Is there a difference in height between men and women?

In this situation, we will use a T-Test (students T-Test).

* Ho: There is no difference
* H1: There is a difference

A t-test looks at the t-statistic, the t-distribution values, and the degrees of freedom to determine the statistical significance.

##### What Is a T Distribution?
The T distribution, also known as the Student’s t-distribution, is a type of probability distribution that is similar to the normal distribution with its bell shape but has heavier tails. T distributions have a greater chance for extreme values than normal distributions, hence the fatter tails.

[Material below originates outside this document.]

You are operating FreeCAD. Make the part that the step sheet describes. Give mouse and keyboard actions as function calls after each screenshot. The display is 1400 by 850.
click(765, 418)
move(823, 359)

[Further Reading](https://www.investopedia.com/terms/t/tdistribution.asp)

In [None]:
from scipy.stats import ttest_ind
 
#this is a two-sided test
#you can divide the two-sided p-value by two, and this will give you the one-sided one.
 
t_stat, p = ttest_ind(df.query('is_follower== 1')['mediacount'], df.query('is_follower== 0')['mediacount'])
 
print("p_value: ",round(p,3))

The p-value is less than 0.05 hence, we reject the null hypothesis at a 95% level of confidence. That means that there is a difference in mediacounts between followers and non-followers.

In [None]:
t_stat, p = ttest_ind(df.query('is_follower== 1')['followers'], df.query('is_follower== 0')['followers'])
 
print("p_value: ",round(p,3))

In [None]:
t_stat, p = ttest_ind(df.query('is_follower== 1')['followees'], df.query('is_follower== 0')['followees'])
 
print("p_value: ",round(p,3))

In [None]:
df.columns

### Test About one Categorical with more than two unique values and one Numeric Variable. - ANOVA

#### Sample Question:

s there a difference in 'followers' between'business_category_name' groups?

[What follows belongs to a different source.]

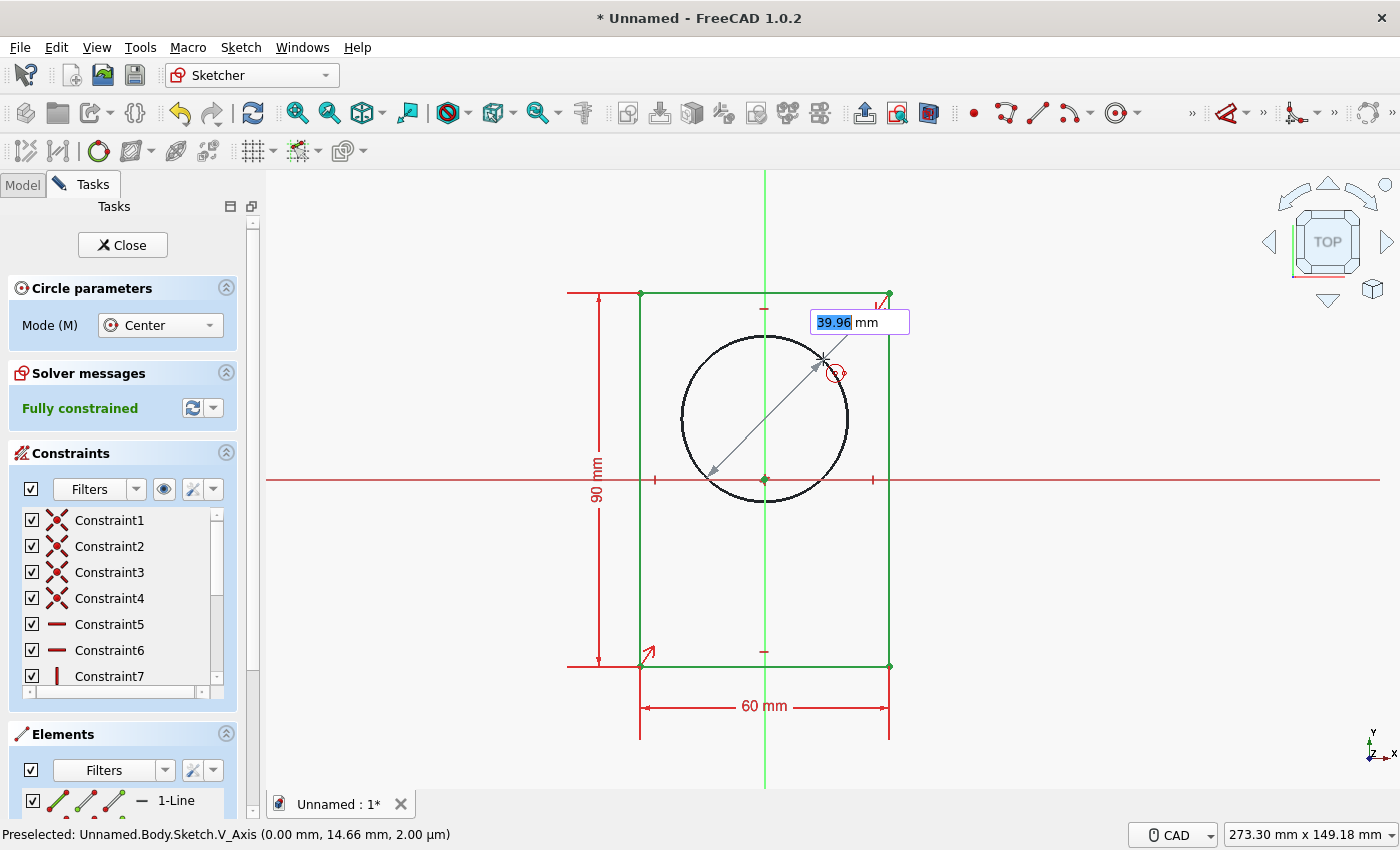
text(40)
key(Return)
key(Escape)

Now, we will use the ANOVA (Analysis Of Variance) test.

* Ho: Groups means of followers are equal
* H1: At least, one group mean of followers is different from other groups

In [None]:
df['business_category_name'].value_counts()

In [None]:
import scipy.stats as stats
 
# stats f_oneway functions takes the groups as input and returns ANOVA F and p value
fvalue, pvalue = stats.f_oneway(df.query('business_category_name == "Creators & Celebrities"')['followers'],
                                df.query('business_category_name == "Personal Goods & General Merchandise Stores"')['followers'],
                                df.query('business_category_name == "Transportation & Accomodation Services"')['followers'])
 
print("p_value: ",round(pvalue,3))

The p-value is not less than 0.05 hence, we failed to reject the null hypothesis at a 95% level of confidence.

### Test About Two Numeric Variables - Correlation
#### Sample Question: 
Is there a relationship between height and weight?

* Ho: There is no relationship between height and weight
* H1: There is a relationship between height and weight

We will use a correlation test. A correlation test will give us two things, a correlation coefficient, and a p-value. As you may already know the correlation coefficient is the number that shows us how correlated are the two variables. For its p-value, we are applying the same principles as before, if the p-value is less than 0.05 we reject the null hypothesis.

In [None]:
import scipy.stats as stats
 
#for this example we will use the Pearson Correlation.
pearson_coef, p_value = stats.pearsonr(df["mediacount"], df["followers"])
 
print("Pearson Correlation Coefficient: ", pearson_coef, "and a P-value of:", round(p_value,3) )

In [None]:
#for this example we will use the Pearson Correlation.
pearson_coef, p_value = stats.pearsonr(df["mediacount"], df["followees"])
 
print("Pearson Correlation Coefficient: ", pearson_coef, "and a P-value of:", round(p_value,3) )

In [None]:
#for this example we will use the Pearson Correlation.
pearson_coef, p_value = stats.pearsonr(df["followers"], df["followees"])
 
print("Pearson Correlation Coefficient: ", pearson_coef, "and a P-value of:", round(p_value,3) )

As we can see the p-value is less than 0.05 hence, we reject the null hypothesis at a 95% level of confidence. That means that there is a relationship between height and weight.